Running very slow

Question

Running very slow

reddiamond1234 opened this issue a year ago · comments

Hi, my alpaca is running very slow and i dont know why. i am running it on ubuntu VM, with hardware specs Intel(R) Xeon(R) CPU E5-2696 v2 @ 2.50GHz, RAM 64 GB, no GPU. any tips?

supportend · Answer 1 · Fri Apr 14 2023 15:25:45 GMT+0800 (China Standard Time)

How many cpu cores are assigned to the virtual machine? The cpu has 12 cores and 24 threads, you start the program with -t 12? And which model do you use?

jan jovan · Answer 2 · Fri Apr 14 2023 16:42:37 GMT+0800 (China Standard Time)

How many cpu cores are assigned to the virtual machine? The cpu has 12 cores and 24 threads, you start the program with -t 12? And which model do you use?

Architecture: x86_64
CPU op-mode(s): 32-bit, 64-bit
Address sizes: 42 bits physical, 48 bits virtual
Byte Order: Little Endian
CPU(s): 22
On-line CPU(s) list: 0-21
Vendor ID: GenuineIntel
Model name: Intel(R) Xeon(R) CPU E5-2696 v2 @ 2.50GHz
CPU family: 6
Model: 62
Thread(s) per core: 1
Core(s) per socket: 11
Socket(s): 2
Stepping: 4

i changed code to run on 18 threads, because it always defaults to 4, even with 18 threads is slow

supportend · Answer 3 · Fri Apr 14 2023 17:05:40 GMT+0800 (China Standard Time)

My cpu has 16 threads, but only 8 physical cores, with 8 threads it's faster on my system. Do you use the 7B, 13B or 30B model and how much time per token?
You can get it like this:

./chat -m ggml-alpaca-30b-q4.bin --color -t 8 --temp 0.8 -p "Write a text about Linux, 50 words long."
...
634.18 ms per token

Adjust the model filename/path and the threads. On my system the text generation with the 30b model is not fast too.

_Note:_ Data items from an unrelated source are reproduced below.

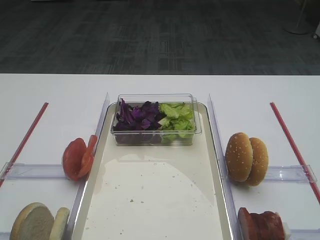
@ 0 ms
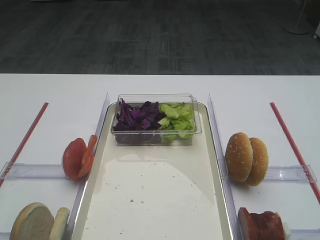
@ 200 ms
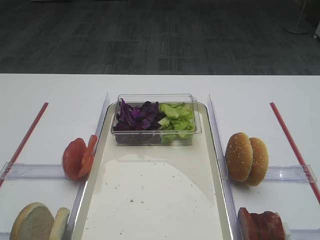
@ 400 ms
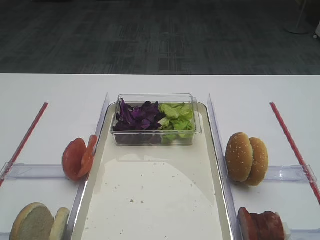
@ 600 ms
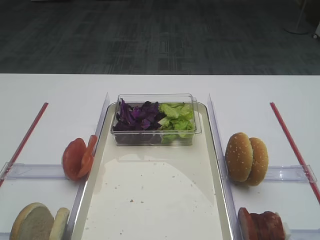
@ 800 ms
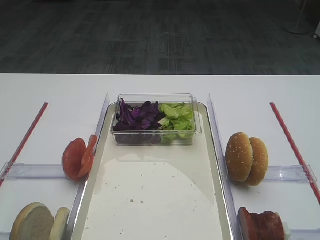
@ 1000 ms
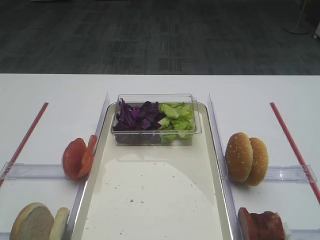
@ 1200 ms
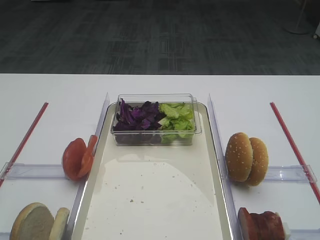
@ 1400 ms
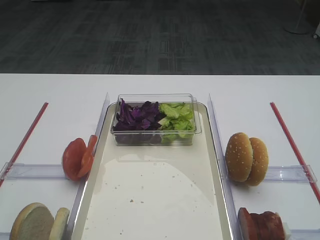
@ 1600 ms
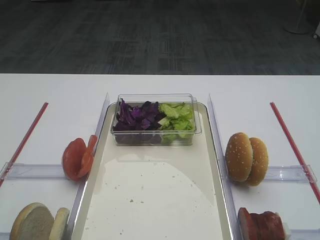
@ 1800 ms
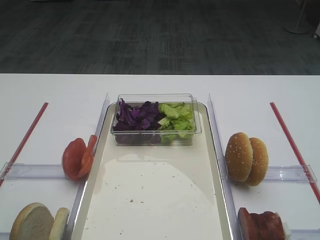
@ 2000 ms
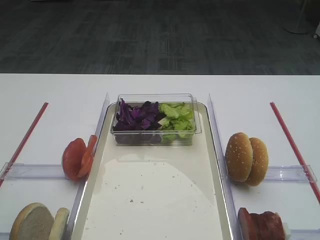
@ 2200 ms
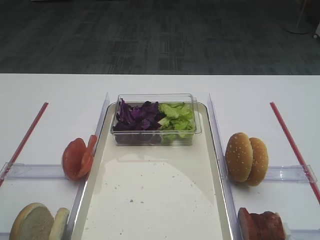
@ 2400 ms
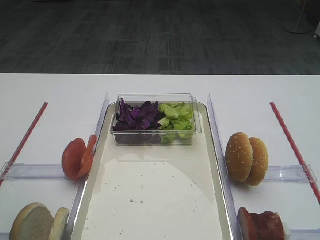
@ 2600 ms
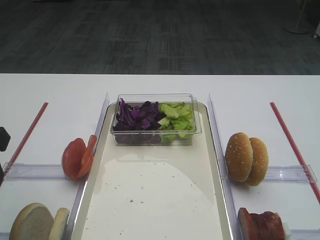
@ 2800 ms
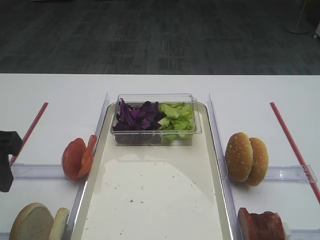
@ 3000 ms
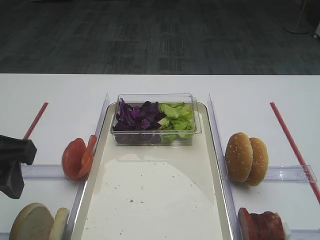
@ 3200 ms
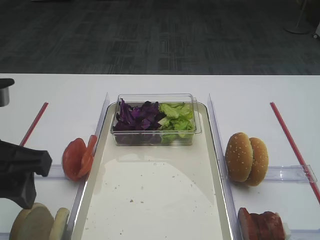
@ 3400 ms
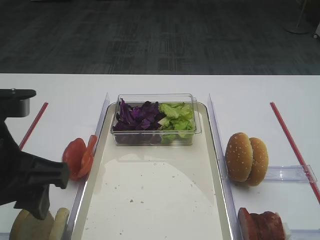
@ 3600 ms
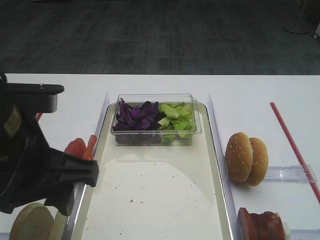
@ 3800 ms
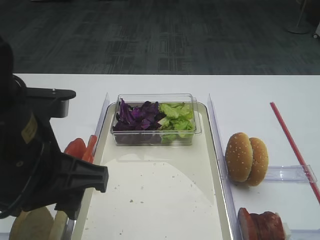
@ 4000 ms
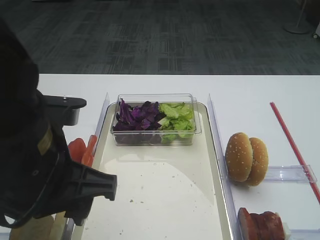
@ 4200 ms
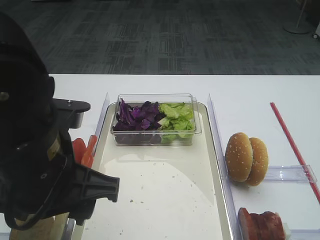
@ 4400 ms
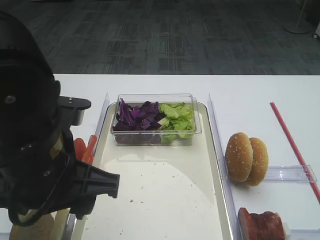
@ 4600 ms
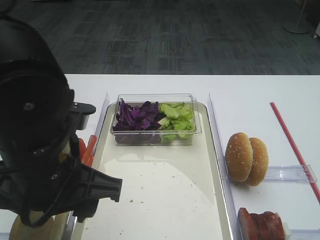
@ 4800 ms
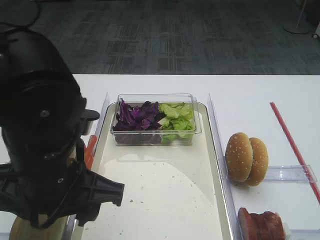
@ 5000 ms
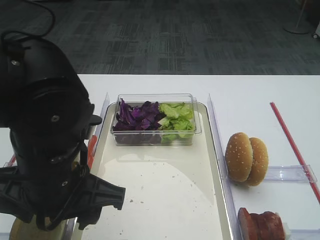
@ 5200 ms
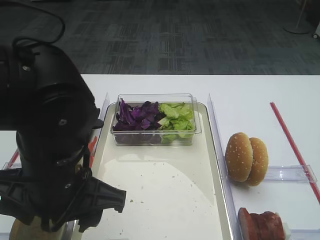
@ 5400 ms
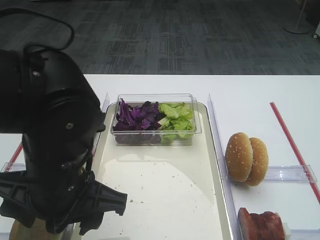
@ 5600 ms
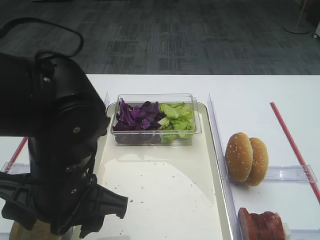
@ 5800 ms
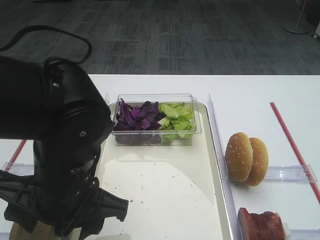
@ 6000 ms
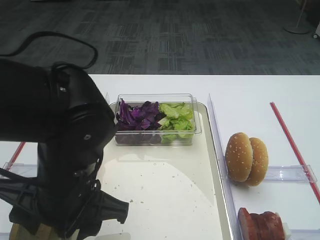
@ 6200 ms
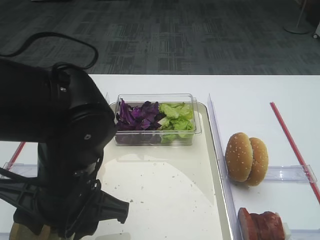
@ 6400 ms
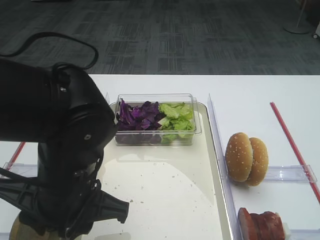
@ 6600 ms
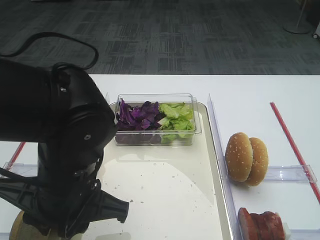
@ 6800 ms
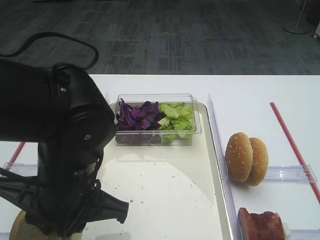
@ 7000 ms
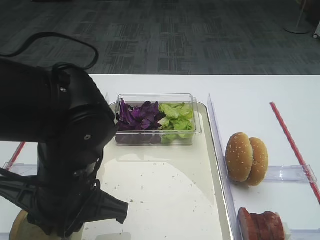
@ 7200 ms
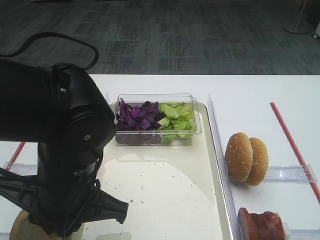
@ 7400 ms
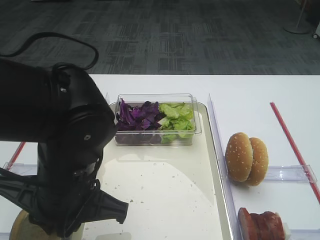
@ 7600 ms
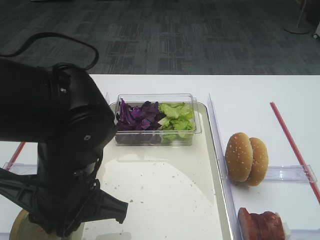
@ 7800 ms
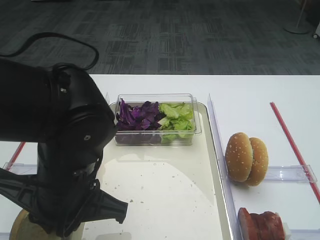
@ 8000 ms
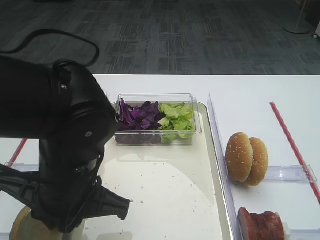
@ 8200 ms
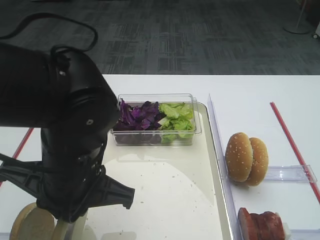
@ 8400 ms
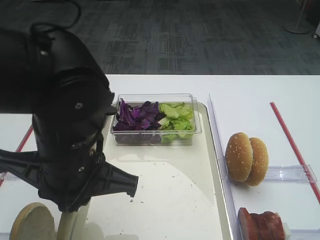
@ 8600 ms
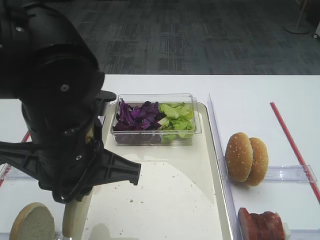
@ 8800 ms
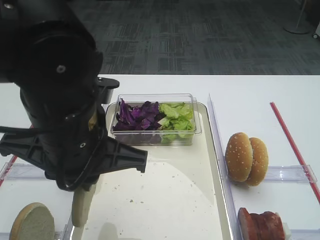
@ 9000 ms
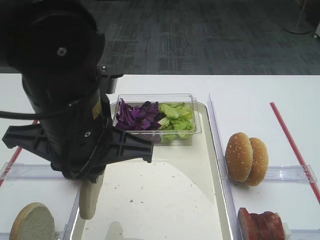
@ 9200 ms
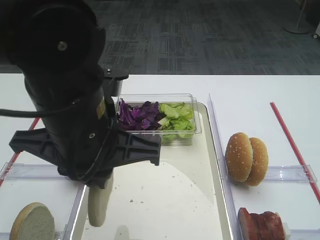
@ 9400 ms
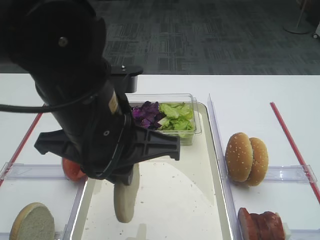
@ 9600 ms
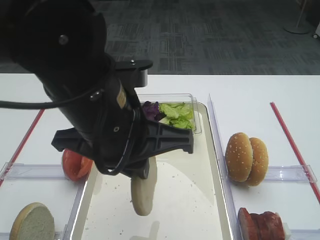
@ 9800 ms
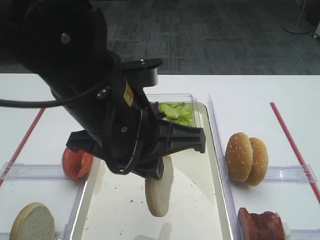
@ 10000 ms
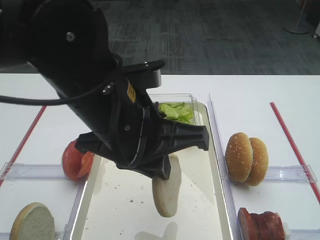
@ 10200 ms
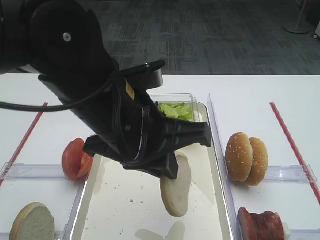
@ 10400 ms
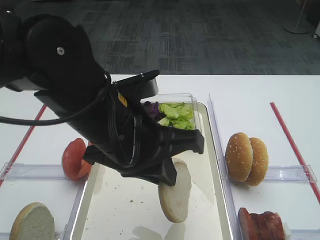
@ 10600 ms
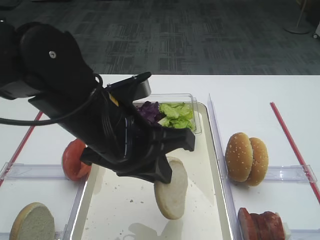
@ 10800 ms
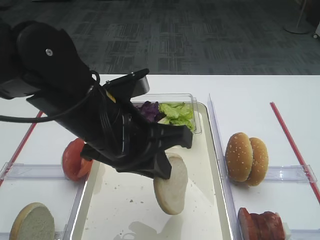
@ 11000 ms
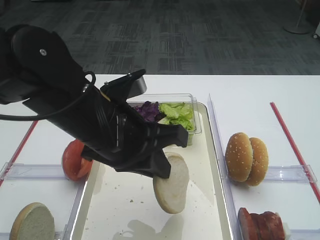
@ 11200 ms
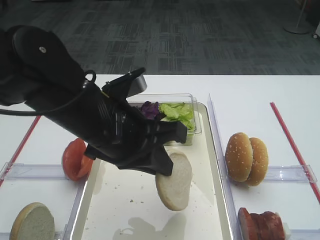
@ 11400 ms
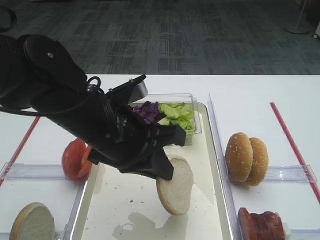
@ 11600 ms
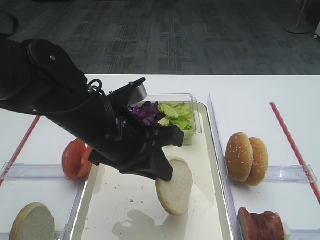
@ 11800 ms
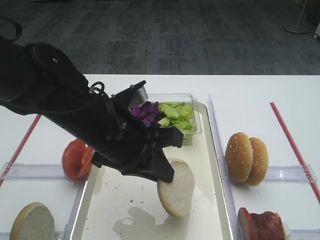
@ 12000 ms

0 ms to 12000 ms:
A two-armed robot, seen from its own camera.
Step, 0 ms to 9000 ms: Pick up the bread slice with the left gripper.
1600 ms to 3000 ms: The left gripper moves forward and to the right, roughly 10 cm.
3000 ms to 4400 ms: The left gripper travels to the right by about 10 cm.
4400 ms to 6000 ms: The left gripper shifts about 5 cm downward.
6000 ms to 7600 ms: The left gripper closes.
7600 ms to 9000 ms: The left gripper shifts approximately 5 cm upward.
10400 ms to 12000 ms: The left gripper is displaced downward by about 5 cm.

jan jovan · Answer 4 · Fri Apr 14 2023 19:50:17 GMT+0800 (China Standard Time)

My cpu has 16 threads, but only 8 physical cores, with 8 threads it's faster on my system. Do you use the 7B, 13B or 30B model and how much time per token? You can get it like this:
./chat -m ggml-alpaca-30b-q4.bin --color -t 8 --temp 0.8 -p "Write a text about Linux, 50 words long."
...
634.18 ms per token
Adjust the model filename/path and the threads. On my system the text generation with the 30b model is not fast too.

I'm using 7B version. here is same 'prompt' you had (./chat -m ggml-alpaca-7b-q4.bin --color -t 8 --temp 0.8 -p "Write a text about Linux, 50 words long.")

main: mem per token = 14434244 bytes
main: load time = 4293.24 ms
main: sample time = 172.82 ms
main: predict time = 372913.59 ms / 2155.57 ms per token
main: total time = 386418.75 ms

Gary Mulder · Answer 5 · Fri Apr 14 2023 21:01:33 GMT+0800 (China Standard Time)

It is memory bound.

model.type	model.size	quantization	blas	context.size	eta	perplexity	efficiency
llama	7B	q4_0	1	2048	0.96	5.56	0.19
llama	7B	q4_0	1	1024	0.67	5.71	0.26
alpaca	7B	q4_0	1	2048	0.95	5.77	0.18
alpaca	7B	q4_0	1	1024	0.67	5.93	0.25
llama	7B	q4_0	1	512	0.53	6.46	0.29
alpaca	7B	q4_0	1	512	0.53	6.65	0.28

YMMV with alpacas.

Kifah Meeran · Answer 6 · Sat Apr 15 2023 21:12:35 GMT+0800 (China Standard Time)

@reddiamond1234, have you tried compiling from source? See #88 .

Went from 4868.26 ms per token to 890.21 ms per token for me when testing ./chat -m ggml-alpaca-30b-q4.bin --color -t 8 --temp 0.8 -p "Write a text about Linux, 50 words long." (7B model)

jan jovan · Answer 7 · Wed Apr 19 2023 16:40:53 GMT+0800 (China Standard Time)

@reddiamond1234, have you tried compiling from source? See #88 .

Went from 4868.26 ms per token to 890.21 ms per token for me when testing ./chat -m ggml-alpaca-30b-q4.bin --color -t 8 --temp 0.8 -p "Write a text about Linux, 50 words long." (7B model)

problem was with my CPU, there are no AVX and it makes it slow.